Mar 30

Tuesday Morning DX commute

This morning on my way into work, I went about my normal routine, listening for various NET’s on 80 and 40m. One that I was listening to talked about band openings on 10, 15 and 20m. So I rolled my way down to 10 meter, which I have yet to work mobile and nothing. I then moved up to 15m and then BAM! CO6LC. He has got to be the loudest thing out of Cuba and he’s on the air often! Easily S9+10 to me in the car. After working him and obtaining a 58 report, I moved down the band slightly and worked IZ6BXV from Italy. Tony had a huge signal as well, and provided me a S9+5 report. Not bad for my 100 watts into a screwdriver antenna.

And then there was RL3A, a Radio club centered in Moscow just down the band from the Italian station. Slava, UA4HTT was operating a kilowatt into a 7x7x7 15m stack at his club station, which is probably his signal was so huge and how I got such a great report out of Russia. More information about their station is on their website, http://www.rl3a.ru.

Thanks Ore, Tony and Slava for a fun drive into work this morning.

Jul 03

ISO: Logging Software

With Field Day 2009 having ended almost 2 weeks ago, and the IARU contest next weekend, I’m finding myself in search of a new logging software.

Since my start in HF back in March, I’ve been using the first logger I started with, EasyLog 5. It’s a good clean program with alot if features, although having used WB3W’s Field Day logger, I’ve gotten a little used to the large text and simplified operation.

When it comes to contesting, it’s all about speed. So I was on the search for a logging software that had a clean interface that was stable and pretty to look at. Kind of what you find in a relationship.. :) I also wanted something that did a lookup on the operator details when their callsign was entered. My eventual selection would also have to pull frequency from the radio as well.

I’m happy to say, I’ve found the logger that best suites my needs; N3FJP’s Amateur Contact Log v3.0. ACL (for short) is light, clean and fully customizable.

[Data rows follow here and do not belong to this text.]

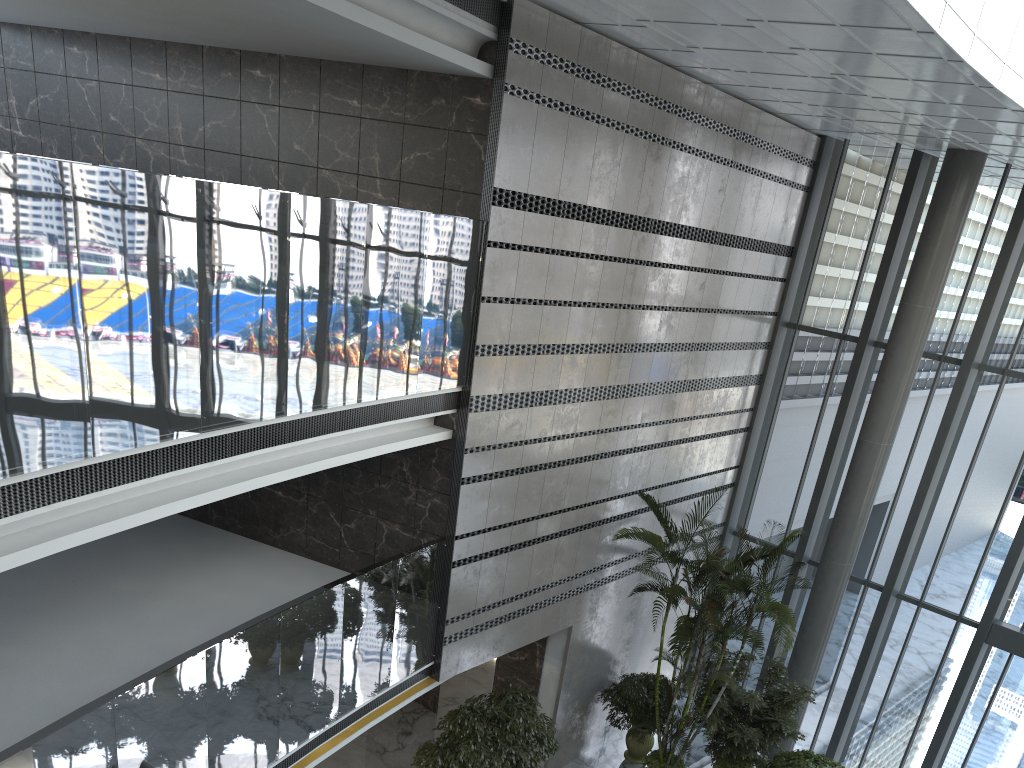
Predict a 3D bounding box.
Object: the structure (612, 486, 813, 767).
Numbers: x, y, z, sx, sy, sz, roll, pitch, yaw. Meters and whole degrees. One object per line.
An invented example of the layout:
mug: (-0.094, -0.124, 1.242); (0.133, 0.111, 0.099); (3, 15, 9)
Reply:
structure: (2.430, 3.726, 11.517); (2.420, 5.110, 2.319); (-11, 28, -41)

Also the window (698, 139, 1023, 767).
window: (2.363, 1.938, 5.382); (18.710, 11.055, 12.366); (-1, 19, -36)

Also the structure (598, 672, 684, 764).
structure: (1.919, 5.064, 13.047); (1.413, 1.698, 1.017); (6, 20, -9)

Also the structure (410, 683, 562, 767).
structure: (-0.335, 4.876, 10.846); (2.052, 2.170, 1.465); (2, 20, -19)

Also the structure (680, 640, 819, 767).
structure: (3.343, 4.988, 12.533); (1.787, 2.520, 1.772); (16, 21, 22)

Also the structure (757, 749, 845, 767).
structure: (3.834, 5.674, 11.444); (1.426, 1.769, 1.464); (11, 18, 7)

Within minutes I had it polling frequency from my radio, resolving callsigns from the QRZ internet service and fully customized colors, input fields and the log view. It also has DX cluster with alerting built in as well. By browsing around a bit in the software, their appears to be a voice keyer as well as CW keyer with winkey support as well as an interface for Logbook Of The World (LoTW). For the $19 USD he’s asking for registering, I believe the software is well worth it.

In addition to the ACL, N3FJP also has an IARU logger which I will use next weekend.